-- Opening Marker --

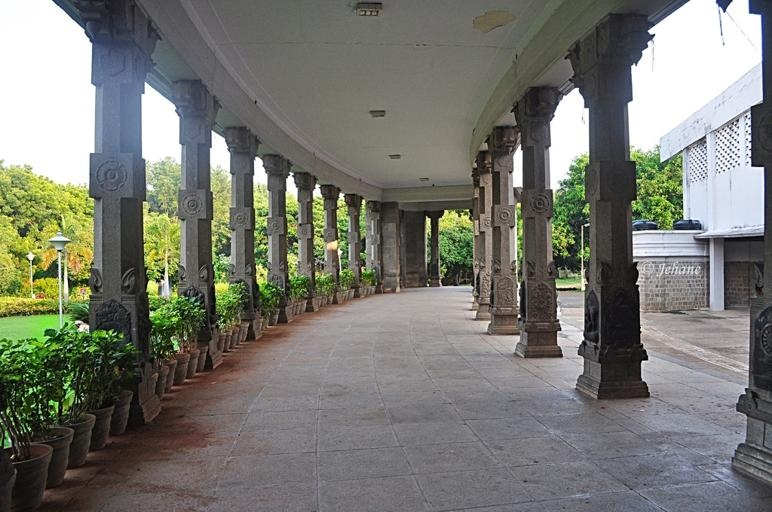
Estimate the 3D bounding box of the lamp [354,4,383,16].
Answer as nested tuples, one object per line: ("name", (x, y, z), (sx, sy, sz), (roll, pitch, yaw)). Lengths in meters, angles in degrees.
("lamp", (-0.233, -3.407, 7.721), (0.391, 0.103, 0.340), (-2, 7, -4))
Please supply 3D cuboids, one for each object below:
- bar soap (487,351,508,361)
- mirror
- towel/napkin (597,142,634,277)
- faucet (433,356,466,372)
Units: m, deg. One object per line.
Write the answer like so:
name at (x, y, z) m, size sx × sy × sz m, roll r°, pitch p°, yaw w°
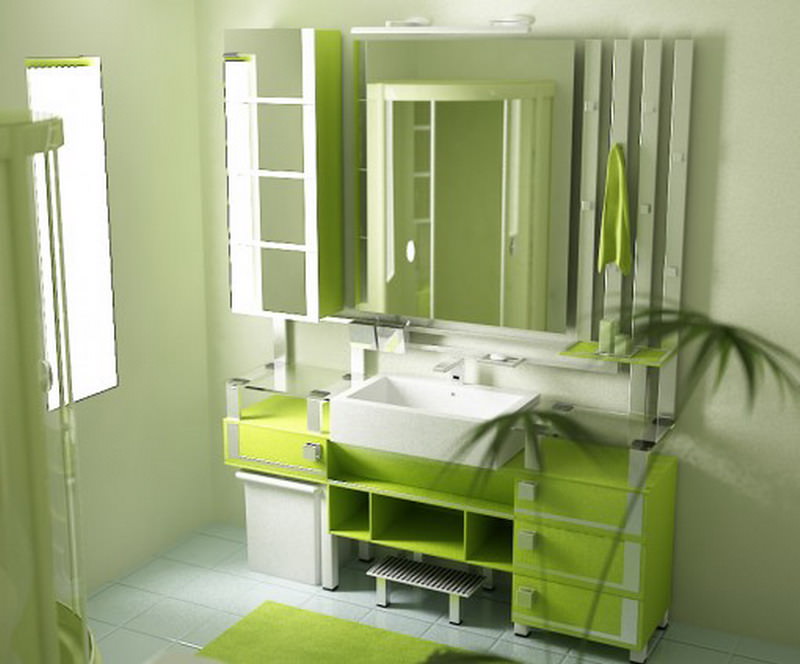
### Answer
bar soap at (0.451, 0.116, 3.439) m, size 0.091 × 0.016 × 0.078 m, roll 1°, pitch 15°, yaw 10°
mirror at (0.004, -0.637, 3.412) m, size 1.633 × 1.421 × 0.200 m, roll 1°, pitch -10°, yaw 13°
towel/napkin at (0.890, -0.507, 3.062) m, size 0.119 × 0.517 × 0.161 m, roll 2°, pitch 14°, yaw 15°
faucet at (0.228, 0.161, 3.402) m, size 0.110 × 0.065 × 0.196 m, roll 2°, pitch 15°, yaw 11°
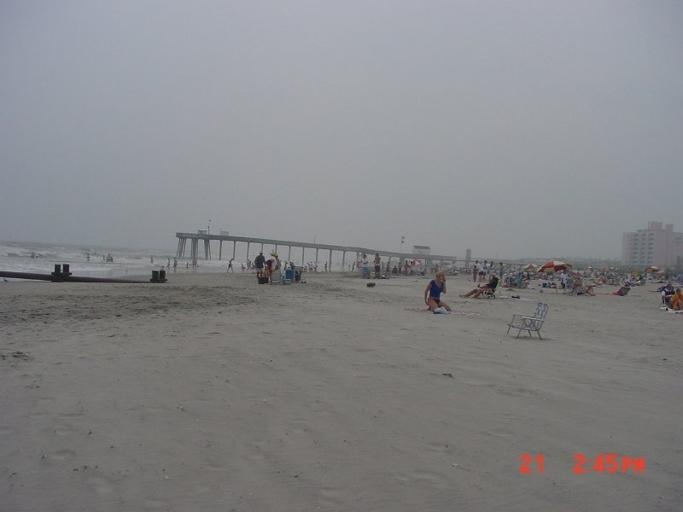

-- Closing Marker --

### What to do
Each record above needs to be transcribed word for word, with its pictures omitted.

### Answer to the problem
Estimate the 3D bounding box of the lamp [354,4,383,16].
Answer as nested tuples, one object per line: ("name", (x, y, z), (sx, sy, sz), (roll, pitch, yaw)). Lengths in meters, angles in degrees.
("lamp", (-0.233, -3.407, 7.721), (0.391, 0.103, 0.340), (-2, 7, -4))
Please supply 3D cuboids, one for each object below:
- bar soap (487,351,508,361)
- mirror
- towel/napkin (597,142,634,277)
- faucet (433,356,466,372)
Units: m, deg. One object per line.
Write the answer like so:
name at (x, y, z) m, size sx × sy × sz m, roll r°, pitch p°, yaw w°
### Answer
bar soap at (0.451, 0.116, 3.439) m, size 0.091 × 0.016 × 0.078 m, roll 1°, pitch 15°, yaw 10°
mirror at (0.004, -0.637, 3.412) m, size 1.633 × 1.421 × 0.200 m, roll 1°, pitch -10°, yaw 13°
towel/napkin at (0.890, -0.507, 3.062) m, size 0.119 × 0.517 × 0.161 m, roll 2°, pitch 14°, yaw 15°
faucet at (0.228, 0.161, 3.402) m, size 0.110 × 0.065 × 0.196 m, roll 2°, pitch 15°, yaw 11°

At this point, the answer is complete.